Vision-CAIR / MiniGPT4-video

Official code for MiniGPT4-video
https://vision-cair.github.io/MiniGPT4-video/
BSD 3-Clause "New" or "Revised" License
440 stars 46 forks source link

How to appropriately register data builder? #28

Open Tony363 opened 2 weeks ago

Tony363 commented 2 weeks ago

Hi,

I am trying to finetune MiniGPT4-Video on my custom dataset. I could not seem to register my own data builder so I modified the Registry method like below.

    @classmethod
    def get_builder_class(cls, name):
        from minigpt4.datasets.builders.image_text_pair_builder import EngageNetBuilder
        return cls.mapping["builder_name_mapping"].get(name, EngageNetBuilder)

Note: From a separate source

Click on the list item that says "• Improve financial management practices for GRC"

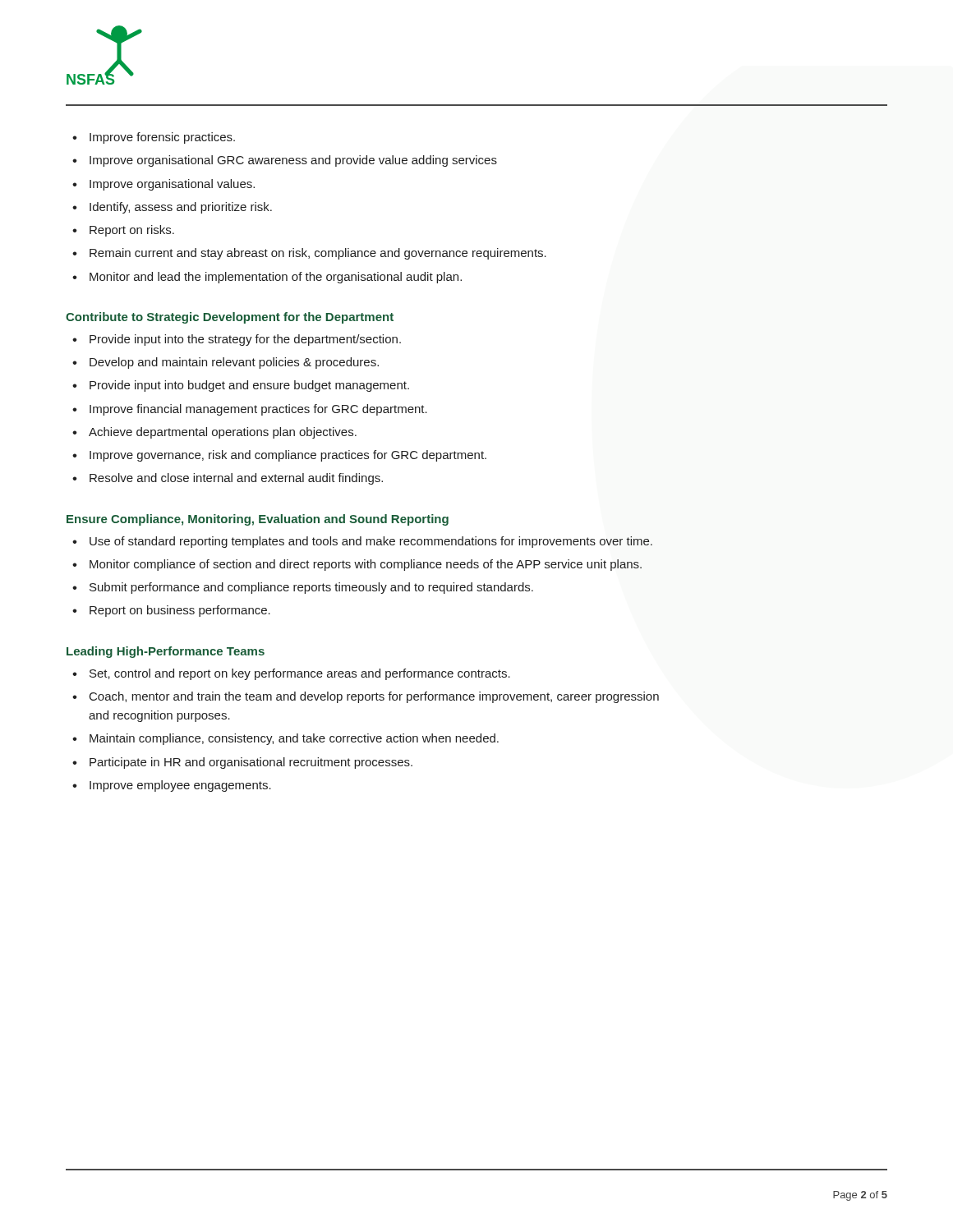pyautogui.click(x=250, y=408)

I have the below in the datasets/builders/image_text_pair_builder.py

@registry.register_builder("engagenet")
class EngageNetBuilder(BaseDatasetBuilder):
    train_dataset_cls = EngageNetDataset 

    DATASET_CONFIG_DICT = {
        "default": "configs/datasets/engagenet/default.yaml",
    }
    print(DATASET_CONFIG_DICT)

    def build_datasets(self):
        # download, split, etc...
        # only called on 1 GPU/TPU in distributed
        self.build_processors()

        build_info = self.config.build_info # information from the config file
        datasets = dict()

        # create datasets
        dataset_cls = self.train_dataset_cls
        datasets['train'] = dataset_cls(
            vis_processor=self.vis_processors["train"], # Add the vis_processor here
            text_processor=self.text_processors["train"], # Add the text_processor here
            vis_root=build_info.vis_root, # Add videos path here
            ann_paths=build_info.ann_paths, # Add annotations path here
            subtitles_path=build_info.subtitles_path, # Add subtitles path here
            model_name='mistral' # Add model name here (llama2 or mistral)
        )

        return datasets

How to appropriately register data builder?